*DESCRIPTION OF THE TASK*. Filter the entries for the string "units". Copy each line that has it.

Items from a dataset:

------

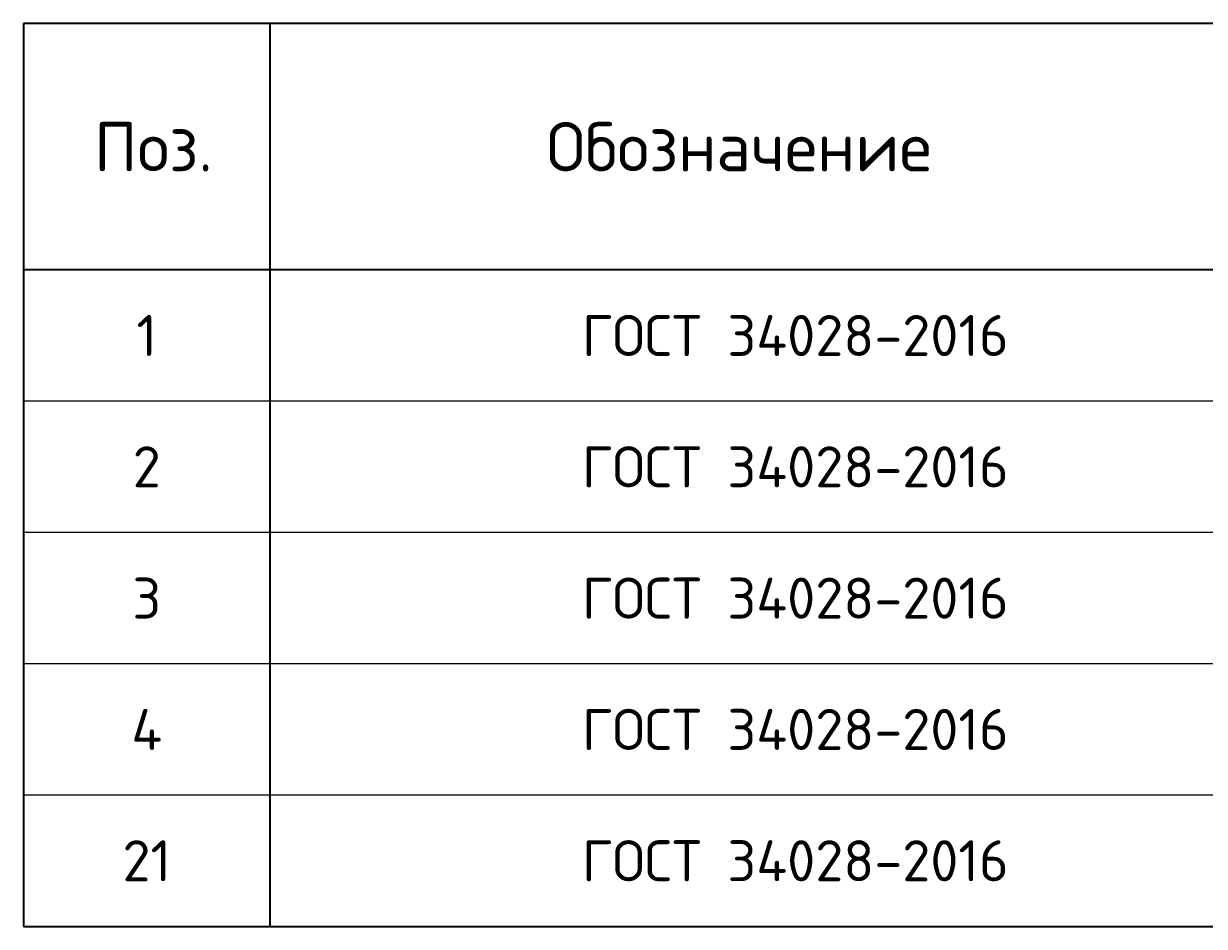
# Model space of a CAD drawing. Header units: millimetres. Extents: x 21507 to 30905, y 54178 to 61234.
# Tile 5 of 8: x 21532 to 22970, y 59881 to 60981. Entities that reach past the tile are written whole.
import ezdxf

# ---------------------------------------------------------------- set-up
doc = ezdxf.new("R2010")
doc.units = ezdxf.units.MM
doc.layers.add('Standard', color=7, linetype='Continuous', lineweight=25)
doc.styles.add('ISOCPEUR', font='ISOCPEUR')

msp = doc.modelspace()

# ---------------------------------------------------------------- linework, layer by layer
at = {"layer": 'Standard', "color": 7, "linetype": 'Continuous', "lineweight": 35, "transparency": 33554687}
for p, q in [((25231.7, 60981), (21531.7, 60981)), ((21531.7, 60981), (21531.7, 60681)), ((21831.7, 60981), (21831.7, 60681)), ((25231.7, 60681), (21531.7, 60681)), ((21531.7, 60681), (21531.7, 60521)), ((21831.7, 60681), (21831.7, 60521)), ((21531.7, 60521), (21531.7, 60361)), ((21831.7, 60521), (21831.7, 60361)), ((21531.7, 60361), (21531.7, 60201)), ((21831.7, 60361), (21831.7, 60201)), ((21531.7, 60201), (21531.7, 60041)), ((21831.7, 60201), (21831.7, 60041)), ((21531.7, 60041), (21531.7, 59881)), ((21831.7, 60041), (21831.7, 59881)), ((21531.7, 59881), (25231.7, 59881))]:
    msp.add_line(p, q, dxfattribs=at)
at = {"layer": 'Standard', "color": 7, "linetype": 'Continuous', "lineweight": 13, "transparency": 33554687}
for p, q in [((25231.7, 60521), (21531.7, 60521)), ((25231.7, 60361), (21531.7, 60361)), ((25231.7, 60201), (21531.7, 60201)), ((25231.7, 60041), (21531.7, 60041)), ((25231.7, 59881), (21531.7, 59881))]:
    msp.add_line(p, q, dxfattribs=at)

# ---------------------------------------------------------------- texts
at = {"layer": 'Standard', "color": 7, "linetype": 'Continuous', "lineweight": 35, "transparency": 33554687, "style": 'ISOCPEUR'}
for s, insert, char_height, width, attachment_point in [('\\A1;{\\fISOCPEUR|i0|b0;\\H60.000000;\\W1.000000;\\C7;Обозначение}\\P', (22403.2, 60831), 12, 500.255, 5), ('\\A1;{\\fISOCPEUR|i0|b0;\\H60.000000;\\W1.000000;\\C7;Поз.}\\P', (21689.8, 60831), 12, 174.736, 5), ('\\A1;{\\fISOCPEUR|i0|b0;\\H50.000000;\\W1.000000;\\C7;ГОСТ 34028-2016}\\P', (22211.7, 60601), 10, 549.083, 4), ('\\A1;{\\fISOCPEUR|i0|b0;\\H50.000000;\\W1.000000;\\C7;1}\\P', (21681.7, 60601), 10, 38.889, 5), ('\\A1;{\\fISOCPEUR|i0|b0;\\H50.000000;\\W1.000000;\\C7;ГОСТ 34028-2016}\\P', (22211.7, 60441), 10, 549.083, 4), ('\\A1;{\\fISOCPEUR|i0|b0;\\H50.000000;\\W1.000000;\\C7;2}\\P', (21681.7, 60441), 10, 54.444, 5), ('\\A1;{\\fISOCPEUR|i0|b0;\\H50.000000;\\W1.000000;\\C7;ГОСТ 34028-2016}\\P', (22211.7, 60281), 10, 549.083, 4), ('\\A1;{\\fISOCPEUR|i0|b0;\\H50.000000;\\W1.000000;\\C7;3}\\P', (21681.7, 60281), 10, 54.444, 5), ('\\A1;{\\fISOCPEUR|i0|b0;\\H50.000000;\\W1.000000;\\C7;ГОСТ 34028-2016}\\P', (22211.7, 60121), 10, 549.083, 4), ('\\A1;{\\fISOCPEUR|i0|b0;\\H50.000000;\\W1.000000;\\C7;4}\\P', (21681.7, 60121), 10, 60, 5), ('\\A1;{\\fISOCPEUR|i0|b0;\\H50.000000;\\W1.000000;\\C7;ГОСТ 34028-2016}\\P', (22211.7, 59961), 10, 549.083, 4), ('\\A1;{\\fISOCPEUR|i0|b0;\\H50.000000;\\W1.000000;\\C7;21}\\P', (21681.7, 59961), 10, 78.75, 5)]:
    msp.add_mtext(s, dxfattribs=dict(at, insert=insert, char_height=char_height, width=width, attachment_point=attachment_point))

doc.saveas('drawing.dxf')
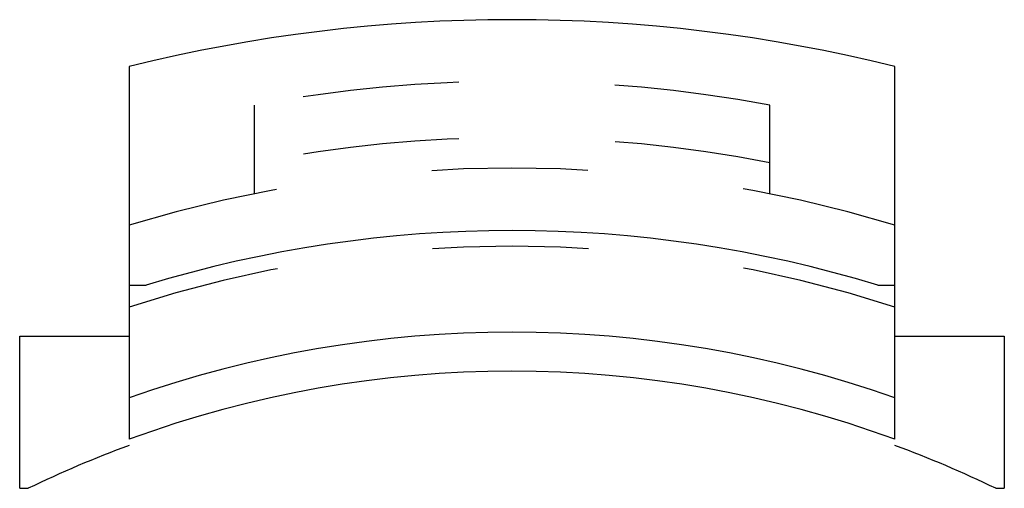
# Model space of a CAD drawing. Extents: x -3.15 to 3.15, y 6.35 to 9.35.
import ezdxf

# ---------------------------------------------------------------- set-up
doc = ezdxf.new("R2010")
doc.units = 0
doc.linetypes.add('DASHED', pattern=[2, 1, -1])
doc.layers.add('AM_0', color=7, linetype='CONTINUOUS')
doc.layers.add('AM_3', color=7, linetype='DASHED')

msp = doc.modelspace()

# ---------------------------------------------------------------- linework, layer by layer
at = {"layer": 'AM_0', "color": 7, "linetype": 'CONTINUOUS'}
for p, q in [((-2.45, 9.05), (-2.45, 6.6639)), ((2.45, 6.6639), (2.45, 9.05)), ((-2.45, 7.65), (-2.3404, 7.65)), ((2.3404, 7.65), (2.45, 7.65)), ((-3.15, 6.35), (-3.15, 7.3233)), ((-3.15, 7.3233), (-2.45, 7.3233)), ((2.45, 7.3233), (3.15, 7.3233)), ((3.15, 7.3233), (3.15, 6.35)), ((-3.15, 6.35), (-3.0955, 6.35)), ((3.0955, 6.35), (3.15, 6.35))]:
    msp.add_line(p, q, dxfattribs=at)
for centre, radius, start, end in [((0, -0.8042), 10.1542, 76.03789, 103.96211), ((0, 0), 8, 72.98927, 107.01073), ((0, 0), 7.35, 70.52878, 109.47122), ((0, 0), 7.1, 69.81391, 110.18609), ((0, -0.0397), 7.1, 110.18609, 115.84788), ((0, -0.0397), 7.1, 64.15212, 69.81391)]:
    msp.add_arc(centre, radius, start, end, dxfattribs=at)
at = {"layer": 'AM_3', "color": 6, "linetype": 'DASHED'}
for p, q in [((-1.65, 8.8027), (-1.65, 8.2364)), ((1.65, 8.2364), (1.65, 8.8027))]:
    msp.add_line(p, q, dxfattribs=at)
for radius, start, end in [(8.956, 79.38352, 100.61648), (8.5945, 78.93149, 101.06851), (8.4, 73.04224, 106.95776), (7.9, 71.93314, 108.06686)]:
    msp.add_arc((0, 0), radius, start, end, dxfattribs=at)

doc.saveas('drawing.dxf')

------

*EXPECTED OUTPUT*.
# Model space of a CAD drawing. Header units: millimetres. Extents: x 21507 to 30905, y 54178 to 61234.
doc.units = ezdxf.units.MM
doc.units = 0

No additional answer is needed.